Exercise materials: Begin

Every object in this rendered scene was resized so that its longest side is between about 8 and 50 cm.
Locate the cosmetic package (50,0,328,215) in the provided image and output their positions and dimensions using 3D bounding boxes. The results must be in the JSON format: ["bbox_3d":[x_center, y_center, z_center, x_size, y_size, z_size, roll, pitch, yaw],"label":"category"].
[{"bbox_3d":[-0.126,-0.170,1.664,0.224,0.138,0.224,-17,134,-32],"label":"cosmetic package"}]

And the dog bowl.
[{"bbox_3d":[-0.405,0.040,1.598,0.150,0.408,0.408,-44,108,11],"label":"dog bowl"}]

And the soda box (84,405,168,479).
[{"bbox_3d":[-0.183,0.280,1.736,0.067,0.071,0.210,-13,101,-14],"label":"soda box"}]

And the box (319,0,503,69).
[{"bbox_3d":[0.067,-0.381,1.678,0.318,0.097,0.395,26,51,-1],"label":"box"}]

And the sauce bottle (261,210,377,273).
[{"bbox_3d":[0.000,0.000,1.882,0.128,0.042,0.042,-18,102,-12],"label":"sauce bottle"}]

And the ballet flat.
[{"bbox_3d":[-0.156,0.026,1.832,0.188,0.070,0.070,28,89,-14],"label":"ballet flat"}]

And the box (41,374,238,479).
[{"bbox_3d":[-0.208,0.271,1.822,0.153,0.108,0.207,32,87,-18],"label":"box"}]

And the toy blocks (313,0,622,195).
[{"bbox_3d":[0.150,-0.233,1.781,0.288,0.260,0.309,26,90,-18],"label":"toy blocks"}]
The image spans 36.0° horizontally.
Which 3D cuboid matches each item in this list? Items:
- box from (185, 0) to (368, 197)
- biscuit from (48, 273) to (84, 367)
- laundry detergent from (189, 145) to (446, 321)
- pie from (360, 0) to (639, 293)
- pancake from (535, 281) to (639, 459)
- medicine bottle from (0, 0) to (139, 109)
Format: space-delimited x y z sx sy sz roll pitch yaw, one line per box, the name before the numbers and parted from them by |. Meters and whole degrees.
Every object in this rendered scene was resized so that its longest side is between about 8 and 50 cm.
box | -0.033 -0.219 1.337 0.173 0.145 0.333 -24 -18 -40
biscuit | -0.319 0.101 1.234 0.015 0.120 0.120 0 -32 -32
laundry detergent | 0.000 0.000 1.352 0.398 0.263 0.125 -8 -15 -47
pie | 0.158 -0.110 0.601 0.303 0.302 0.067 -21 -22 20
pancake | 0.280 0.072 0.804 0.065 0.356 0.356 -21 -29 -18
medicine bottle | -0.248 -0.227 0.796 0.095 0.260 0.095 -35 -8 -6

Exercise materials: End
Exercise materials: Begin

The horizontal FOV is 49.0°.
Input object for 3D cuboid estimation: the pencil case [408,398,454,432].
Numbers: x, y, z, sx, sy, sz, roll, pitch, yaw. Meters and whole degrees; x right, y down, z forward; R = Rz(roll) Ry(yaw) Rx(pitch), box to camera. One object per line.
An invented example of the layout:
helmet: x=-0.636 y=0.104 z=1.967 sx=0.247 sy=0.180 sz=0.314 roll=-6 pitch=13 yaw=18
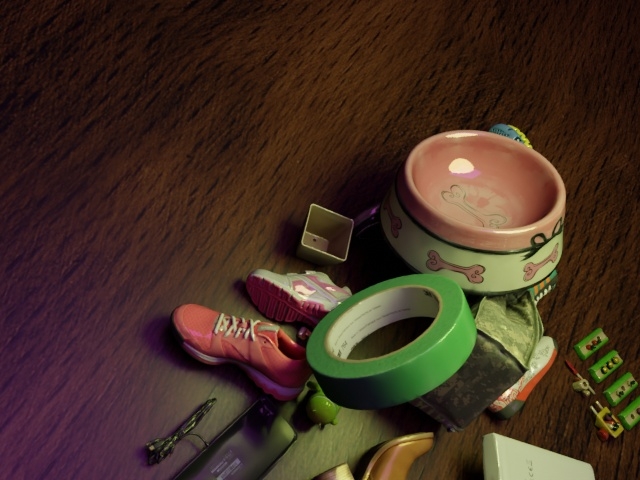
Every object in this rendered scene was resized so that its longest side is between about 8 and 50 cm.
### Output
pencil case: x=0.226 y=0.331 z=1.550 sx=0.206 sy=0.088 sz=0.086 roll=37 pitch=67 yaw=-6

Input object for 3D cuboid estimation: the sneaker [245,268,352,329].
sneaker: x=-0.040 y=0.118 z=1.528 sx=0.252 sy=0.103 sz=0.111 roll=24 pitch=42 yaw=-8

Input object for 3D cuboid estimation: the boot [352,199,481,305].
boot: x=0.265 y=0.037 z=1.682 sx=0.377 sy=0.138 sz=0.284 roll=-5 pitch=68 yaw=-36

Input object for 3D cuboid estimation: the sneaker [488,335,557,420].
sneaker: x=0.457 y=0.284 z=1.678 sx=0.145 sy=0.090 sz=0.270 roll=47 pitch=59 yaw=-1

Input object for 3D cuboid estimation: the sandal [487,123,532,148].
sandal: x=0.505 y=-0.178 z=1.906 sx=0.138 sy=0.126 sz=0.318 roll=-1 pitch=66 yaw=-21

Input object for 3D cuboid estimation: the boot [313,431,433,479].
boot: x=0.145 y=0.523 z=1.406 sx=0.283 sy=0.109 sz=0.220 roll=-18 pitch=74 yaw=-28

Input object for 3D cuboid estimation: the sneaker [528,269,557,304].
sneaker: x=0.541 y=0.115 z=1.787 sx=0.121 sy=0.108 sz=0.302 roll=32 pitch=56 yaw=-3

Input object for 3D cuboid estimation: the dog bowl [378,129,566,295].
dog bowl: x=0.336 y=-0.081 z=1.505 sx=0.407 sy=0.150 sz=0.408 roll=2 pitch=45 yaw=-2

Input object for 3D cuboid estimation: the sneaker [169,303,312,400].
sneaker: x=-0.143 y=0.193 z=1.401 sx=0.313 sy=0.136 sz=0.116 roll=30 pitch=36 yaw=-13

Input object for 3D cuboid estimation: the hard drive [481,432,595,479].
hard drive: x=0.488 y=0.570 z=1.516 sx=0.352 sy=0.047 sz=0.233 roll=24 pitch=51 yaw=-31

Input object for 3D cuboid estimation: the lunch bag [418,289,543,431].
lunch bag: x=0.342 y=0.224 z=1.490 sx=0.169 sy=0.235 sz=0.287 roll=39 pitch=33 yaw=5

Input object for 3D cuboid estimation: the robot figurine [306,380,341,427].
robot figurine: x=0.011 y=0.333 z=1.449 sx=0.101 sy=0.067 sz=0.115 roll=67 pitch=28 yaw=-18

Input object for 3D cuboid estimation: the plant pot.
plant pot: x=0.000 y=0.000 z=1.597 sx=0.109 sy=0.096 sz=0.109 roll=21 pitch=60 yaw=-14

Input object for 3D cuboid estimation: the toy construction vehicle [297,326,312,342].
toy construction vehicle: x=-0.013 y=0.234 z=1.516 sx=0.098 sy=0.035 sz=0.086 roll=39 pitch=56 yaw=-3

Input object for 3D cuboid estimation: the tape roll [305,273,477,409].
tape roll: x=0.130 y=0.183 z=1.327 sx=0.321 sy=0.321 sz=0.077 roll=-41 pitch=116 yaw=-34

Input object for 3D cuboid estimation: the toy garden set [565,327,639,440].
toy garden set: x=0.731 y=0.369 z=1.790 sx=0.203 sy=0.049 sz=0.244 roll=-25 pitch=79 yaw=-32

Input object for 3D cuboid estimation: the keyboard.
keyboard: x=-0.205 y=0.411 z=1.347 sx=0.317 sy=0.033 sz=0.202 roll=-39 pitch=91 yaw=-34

Exercise materials: End

● What you are asked to do: Return, unchanged, the run of lines above that opens with the line containing "The image spans 36.0° horizontally." and closes with the line containing "- pancake from (535, 281) to (639, 459)". Include both.

● Answer area:
The image spans 36.0° horizontally.
Which 3D cuboid matches each item in this list? Items:
- box from (185, 0) to (368, 197)
- biscuit from (48, 273) to (84, 367)
- laundry detergent from (189, 145) to (446, 321)
- pie from (360, 0) to (639, 293)
- pancake from (535, 281) to (639, 459)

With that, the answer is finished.